It became difficult to work out who was telling the truth during that case, and after it an autopsy found that her brain had half the expected weight, with extensive damage to all regions of the brain consistent with a persistent vegetative state following cardiac arrest. The family’s attorney, Patricia Anderson, claimed (just over halfway through the video) that while Terri was normally still, she “lit up like a Christmas tree” every time she became aware of her mother’s presence “and began vocalising”. However, the videos replayed in this programme show that to be something of an exaggeration, although she did appear aware and seemed to be enjoying the attention.

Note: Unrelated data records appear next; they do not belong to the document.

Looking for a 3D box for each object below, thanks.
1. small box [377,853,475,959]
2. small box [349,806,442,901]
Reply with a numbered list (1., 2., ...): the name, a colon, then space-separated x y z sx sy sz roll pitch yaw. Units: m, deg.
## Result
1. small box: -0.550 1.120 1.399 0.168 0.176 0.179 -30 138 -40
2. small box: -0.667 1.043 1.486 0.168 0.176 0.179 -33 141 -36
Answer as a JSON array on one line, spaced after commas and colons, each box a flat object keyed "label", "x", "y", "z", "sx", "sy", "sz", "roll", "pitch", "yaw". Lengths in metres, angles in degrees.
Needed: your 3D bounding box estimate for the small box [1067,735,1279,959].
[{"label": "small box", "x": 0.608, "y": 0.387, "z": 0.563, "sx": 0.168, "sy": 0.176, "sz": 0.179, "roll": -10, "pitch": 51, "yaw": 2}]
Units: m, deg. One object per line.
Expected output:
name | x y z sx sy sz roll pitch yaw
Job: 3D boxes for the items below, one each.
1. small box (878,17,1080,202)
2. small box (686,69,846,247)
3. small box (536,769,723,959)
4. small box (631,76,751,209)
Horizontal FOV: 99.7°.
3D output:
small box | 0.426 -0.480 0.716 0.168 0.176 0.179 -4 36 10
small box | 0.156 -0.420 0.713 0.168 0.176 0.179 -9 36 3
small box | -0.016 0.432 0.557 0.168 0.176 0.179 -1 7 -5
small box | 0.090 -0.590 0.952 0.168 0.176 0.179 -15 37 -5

The important bit of this programme, for the purposes of this essay, comes around the 75-80% mark and features George Felos, Terri’s husband’s attorney, and Joni Tada herself:
Felos: If you sat down with most people — at least, I believe — and said, “look, if you were in a situation where basically your brain was gone, was destroyed, and you would have no consciousness, no awareness, would you want your physical body to be sustained indefinitely through a feeding tube, through a respirator, through medical treatment?”, I would say that the overwhelming majority of people would answer “no”.

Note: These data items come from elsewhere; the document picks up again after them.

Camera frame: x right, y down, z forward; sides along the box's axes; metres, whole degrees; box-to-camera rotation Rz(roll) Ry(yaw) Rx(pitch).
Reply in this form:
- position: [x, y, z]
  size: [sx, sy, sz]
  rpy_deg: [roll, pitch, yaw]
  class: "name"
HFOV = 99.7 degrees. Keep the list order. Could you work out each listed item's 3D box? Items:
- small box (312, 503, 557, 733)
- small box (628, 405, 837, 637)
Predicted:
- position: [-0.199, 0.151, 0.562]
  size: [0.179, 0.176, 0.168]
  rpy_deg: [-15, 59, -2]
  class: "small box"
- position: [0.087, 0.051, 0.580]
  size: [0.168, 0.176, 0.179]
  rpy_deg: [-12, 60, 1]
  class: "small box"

Tada: I am offended by that. I find that objectionable. Because if you are looking at Terri, you are looking at me, and nobody, certainly not me, wants to be disabled. But once you experience that accident, once you are disabled, you would be amazed at how quickly you change your mind. Life is that precious. I mean, watching those videos, Terri was connecting with her family. You saw it. She may not have been able to tell them, but her smile revealed joy just being with Mom and Dad and brother and sister, and that is what the courts refused to acknowledge: Terri’s right, Terri’s God-given natural desire to live.
The problem is that you are no more looking at Joni Tada when you look at Terri Schiavo than when you look at Lynn Gilderdale. They are, or were, three very different women with totally different impairments. Joni Tada’s disability is purely physical. Terri Schiavo was terribly brain-damaged while Lynn Gilderdale had a disease which causes crushing mental and physical debility, paralysis and pain. While I do not actually think it is acceptable to turn off the feeding of a brain-damaged adult who acquired the damage as an adult any more than of one who acquired it in a birth injury, for example, whatever judgement might be made on Terri Schiavo’s quality of life has no bearing on Joni Tada because the latter is not even mildly brain-damaged. Their disabilities are simply not comparable.
Returning to Clair Lewis, she suggested that the reason behind the ME community’s support for Kay Gilderdale was because they were “focussed on their impairments / own navels” rather than on “activism / social model / the world and how we form a part of it or not and equality”. The “social model” of disability she is referring to essentially stipulates that a person with a physical disability is unable to participate in society because society puts barriers in their way which it has the duty to remove as much as possible, while the “medical model” holds that the disabled person’s impairments are themselves the reason why the affected person cannot participate. The problem is that, when you have a condition like ME, the social model shows its limitations, because it is difficult to participate in society at all when you have to live lying down in a darkened room, and cannot tolerate light, sound or human company for more than a few minutes at a time. As it happens, Lynn Gilderdale participated as much as she could by communicating with, and giving a lot of personal support to, people in similar situations to hers and to others (among them, a ventilator-dependent quadriplegic woman with a terminal mitochondrial disorder, who eventually died around the same time as Lynn, albeit from natural causes). Maggie told me that she continued doing this until the end, making efforts to cheer others up, albeit through briefer messages towards the end. Her family participated in efforts to raise awareness of ME, which included having Lynn’s picture on the masthead of the 25% ME Group website. While I do not doubt that there are those with ME in the disability movement, the activism potential of those severely affected is fairly limited.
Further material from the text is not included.